When to use these helpers
These functions generally help when you already have a Parquet repository and want to:
- inspect what is in it
- check which vintage of a table you currently have
- archive a current active file before replacing it
- restore an archived vintage
- remove files
The related API pages are:
Setup
Load the packages used in the examples:
Set DATA_DIR to the Parquet repository you want to inspect:
Sys.setenv(DATA_DIR = "~/Dropbox/pq_data")Use pq_data_dir() when you want to confirm which repository db2pq will use by default:
pq_data_dir(prompt = FALSE)The examples below are rendered from a local Parquet repository. The examples that move files run only during a local pkgdown render when the repository contains comp.company and crsp.dsi.

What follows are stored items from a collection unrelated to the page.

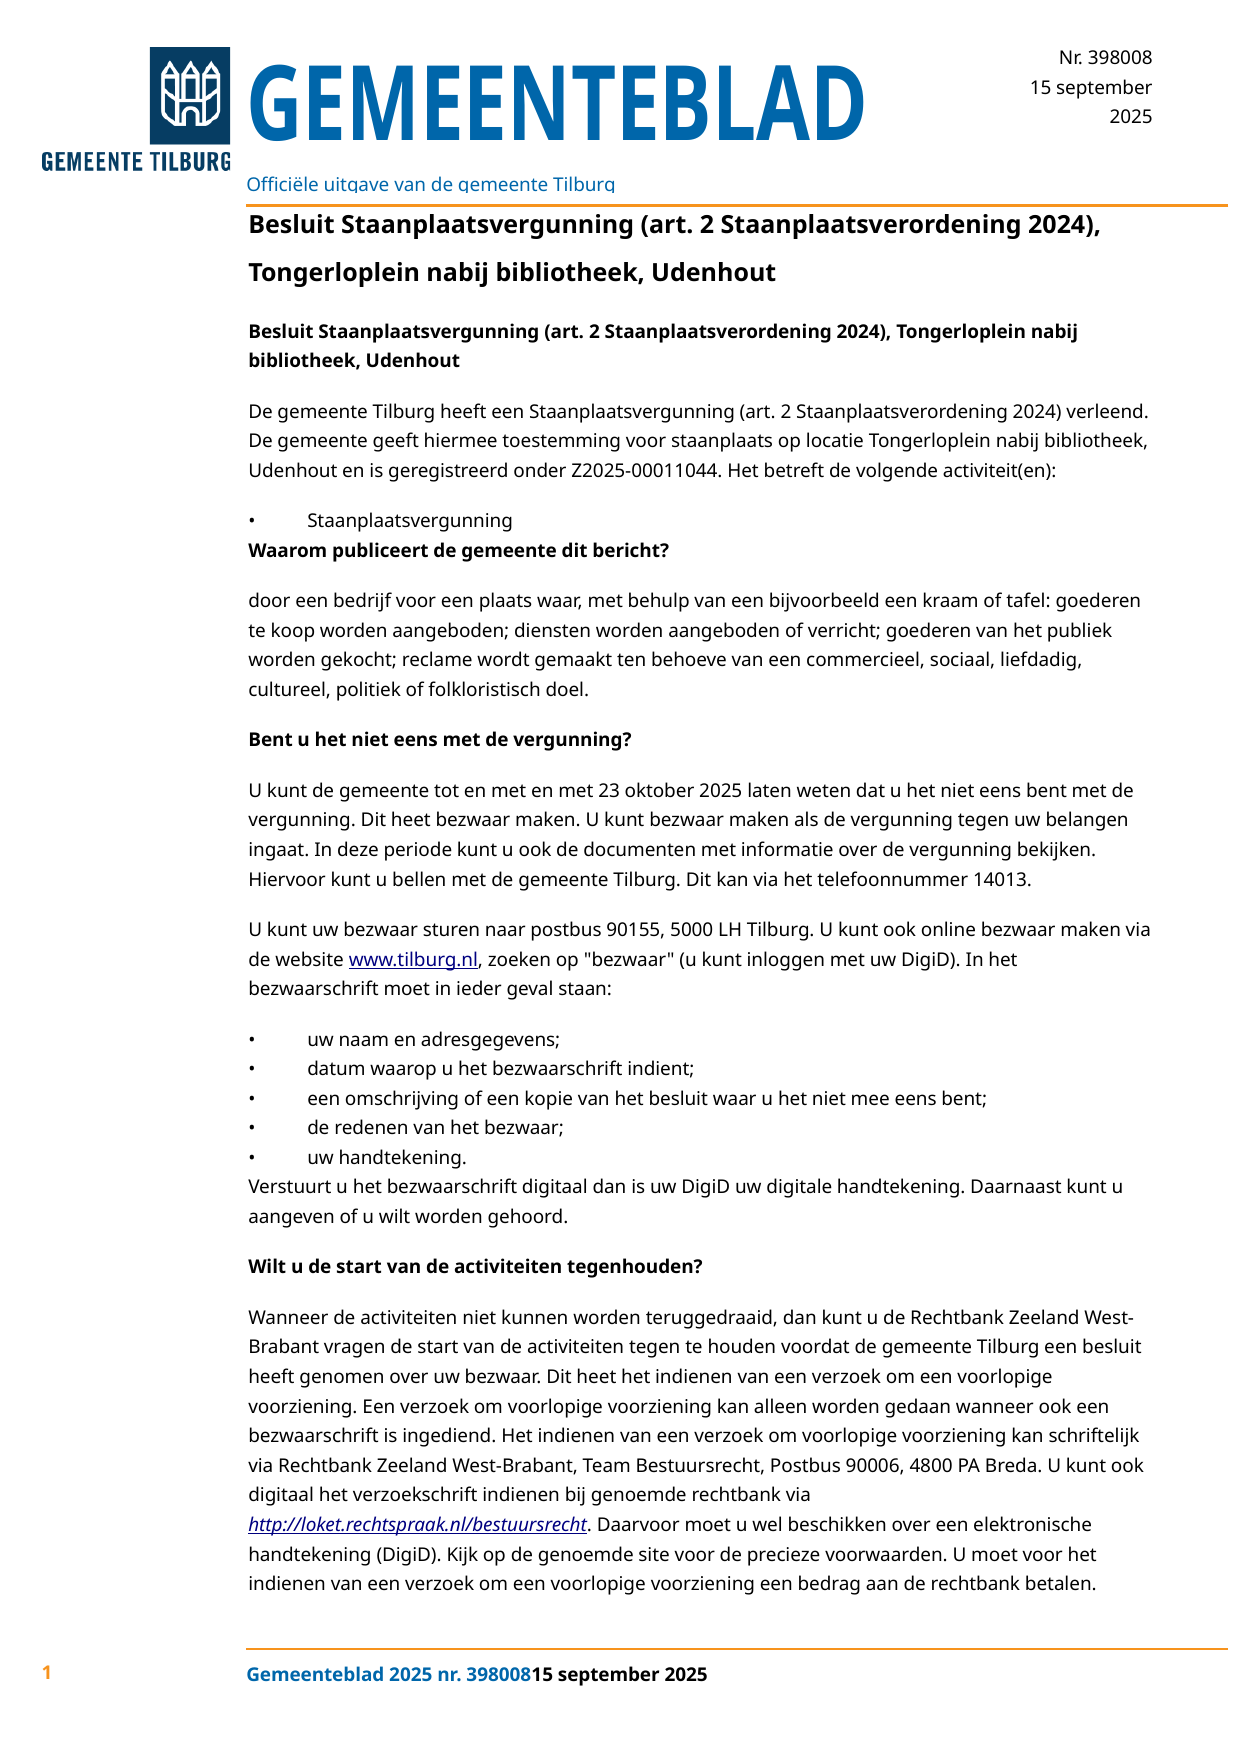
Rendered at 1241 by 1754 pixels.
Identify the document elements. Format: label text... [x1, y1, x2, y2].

picture [41, 47, 231, 172]
list datum waarop u het bezwaarschrift indient; [248, 1055, 1152, 1081]
text De gemeente Tilburg heeft een Staanplaatsvergunning (art. 2 Staanplaatsverordening 2024) verleend. De gemeente geeft hiermee toestemming voor staanplaats op locatie Tongerloplein nabij bibliotheek, Udenhout en is geregistreerd onder Z2025-00011044. Het betreft de volgende activiteit(en): [248, 398, 1152, 483]
text U kunt uw bezwaar sturen naar postbus 90155, 5000 LH Tilburg. U kunt ook online bezwaar maken via de website www.tilburg.nl, zoeken op "bezwaar" (u kunt inloggen met uw DigiD). In het bezwaarschrift moet in ieder geval staan: [248, 916, 1152, 1001]
text U kunt de gemeente tot en met en met 23 oktober 2025 laten weten dat u het niet eens bent met de vergunning. Dit heet bezwaar maken. U kunt bezwaar maken als de vergunning tegen uw belangen ingaat. In deze periode kunt u ook de documenten met informatie over de vergunning bekijken. Hiervoor kunt u bellen met de gemeente Tilburg. Dit kan via het telefoonnummer 14013. [248, 777, 1152, 892]
list een omschrijving of een kopie van het besluit waar u het niet mee eens bent; [248, 1085, 1152, 1111]
text door een bedrijf voor een plaats waar, met behulp van een bijvoorbeeld een kraam of tafel: goederen te koop worden aangeboden; diensten worden aangeboden of verricht; goederen van het publiek worden gekocht; reclame wordt gemaakt ten behoeve van een commercieel, sociaal, liefdadig, cultureel, politiek of folkloristisch doel. [248, 587, 1152, 702]
text Wilt u de start van de activiteiten tegenhouden? [248, 1254, 1152, 1279]
list uw naam en adresgegevens; [248, 1026, 1152, 1052]
text Verstuurt u het bezwaarschrift digitaal dan is uw DigiD uw digitale handtekening. Daarnaast kunt u aangeven of u wilt worden gehoord. [248, 1174, 1152, 1229]
list Staanplaatsvergunning [248, 507, 1152, 533]
text Waarom publiceert de gemeente dit bericht? [248, 537, 1152, 563]
text Besluit Staanplaatsvergunning (art. 2 Staanplaatsverordening 2024), Tongerloplein nabij bibliotheek, Udenhout [248, 318, 1152, 373]
list uw handtekening. [248, 1144, 1152, 1170]
text Bent u het niet eens met de vergunning? [248, 727, 1152, 752]
text Wanneer de activiteiten niet kunnen worden teruggedraaid, dan kunt u de Rechtbank Zeeland West-Brabant vragen de start van de activiteiten tegen te houden voordat de gemeente Tilburg een besluit heeft genomen over uw bezwaar. Dit heet het indienen van een verzoek om een voorlopige voorziening. Een verzoek om voorlopige voorziening kan alleen worden gedaan wanneer ook een bezwaarschrift is ingediend. Het indienen van een verzoek om voorlopige voorziening kan schriftelijk via Rechtbank Zeeland West-Brabant, Team Bestuursrecht, Postbus 90006, 4800 PA Breda. U kunt ook digitaal het verzoekschrift indienen bij genoemde rechtbank via http://loket.rechtspraak.nl/bestuursrecht. Daarvoor moet u wel beschikken over een elektronische handtekening (DigiD). Kijk op de genoemde site voor de precieze voorwaarden. U moet voor het indienen van een verzoek om een voorlopige voorziening een bedrag aan de rechtbank betalen. [248, 1304, 1152, 1596]
list de redenen van het bezwaar; [248, 1114, 1152, 1140]
text Besluit Staanplaatsvergunning (art. 2 Staanplaatsverordening 2024), Tongerloplein nabij bibliotheek, Udenhout [248, 207, 1152, 288]

Inspect a Schema Directory
Use pq_last_modified() without table_name to summarize the active Parquet files in a schema:
pq_last_modified(schema = "comp") |>
select(file_name, table, last_mod) |>
head(10)
#> # A tibble: 10 × 3
#> file_name table last_mod
#> <chr> <chr> <dttm>
#> 1 aco_pnfnda aco_pnfnda 2026-05-25 06:00:00
#> 2 adsprate adsprate 2026-04-09 06:00:00
#> 3 co_adesind co_adesind 2026-04-09 06:00:00
#> 4 co_afnd2 co_afnd2 2026-04-09 06:00:00
#> 5 co_filedate co_filedate 2026-04-09 06:00:00
#> 6 co_hgic co_hgic 2026-04-09 06:00:00
#> 7 co_ifndq co_ifndq 2026-04-09 06:00:00
#> 8 company company 2026-05-26 06:00:00
#> 9 company_names company_names 2026-05-26 06:00:00
#> 10 funda funda 2026-05-25 06:00:00If you want to inspect archived files instead:
pq_last_modified(schema = "comp", archive = TRUE) |>
select(file_name, table, last_mod) |>
head(10)
#> # A tibble: 10 × 3
#> file_name table last_mod
#> <chr> <chr> <dttm>
#> 1 aco_pnfnda_20260330T060000Z aco_pnfnda 2026-03-30 06:00:00
#> 2 company_20260105T070000Z company 2026-01-05 07:00:00
#> 3 company_20260107T070000Z company 2026-01-07 07:00:00
#> 4 company_20260209T070000Z company 2026-02-09 07:00:00
#> 5 company_20260218T070000Z company 2026-02-18 07:00:00
#> 6 company_20260224T070000Z company 2026-02-24 07:00:00
#> 7 company_20260225T000000Z company 2026-02-24 07:00:00
#> 8 company_20260225T070000Z company 2026-02-25 07:00:00
#> 9 company_20260226T070000Z company 2026-02-26 07:00:00
#> 10 company_20260303T070000Z company 2026-03-03 07:00:00If your project uses a repository outside the default DATA_DIR, pass data_dir explicitly:
pq_last_modified(schema = "crsp", data_dir = Sys.getenv("DATA_DIR")) |>
select(file_name, table, last_mod) |>
head(5)
#> # A tibble: 5 × 3
#> file_name table last_mod
#> <chr> <chr> <dttm>
#> 1 ccmxpf_linktable ccmxpf_linktable 2026-02-06 07:00:00
#> 2 ccmxpf_lnkhist ccmxpf_lnkhist 2026-02-06 07:00:00
#> 3 ccmxpf_lnkused ccmxpf_lnkused 2026-02-06 07:00:00
#> 4 comphist comphist 2026-02-06 07:00:00
#> 5 dse dse 2025-02-08 07:00:00Check the Current Active Vintage
With table_name and schema, pq_last_modified() returns the raw embedded last_modified metadata string for the active file:
pq_last_modified(table_name = "dsi", schema = "crsp")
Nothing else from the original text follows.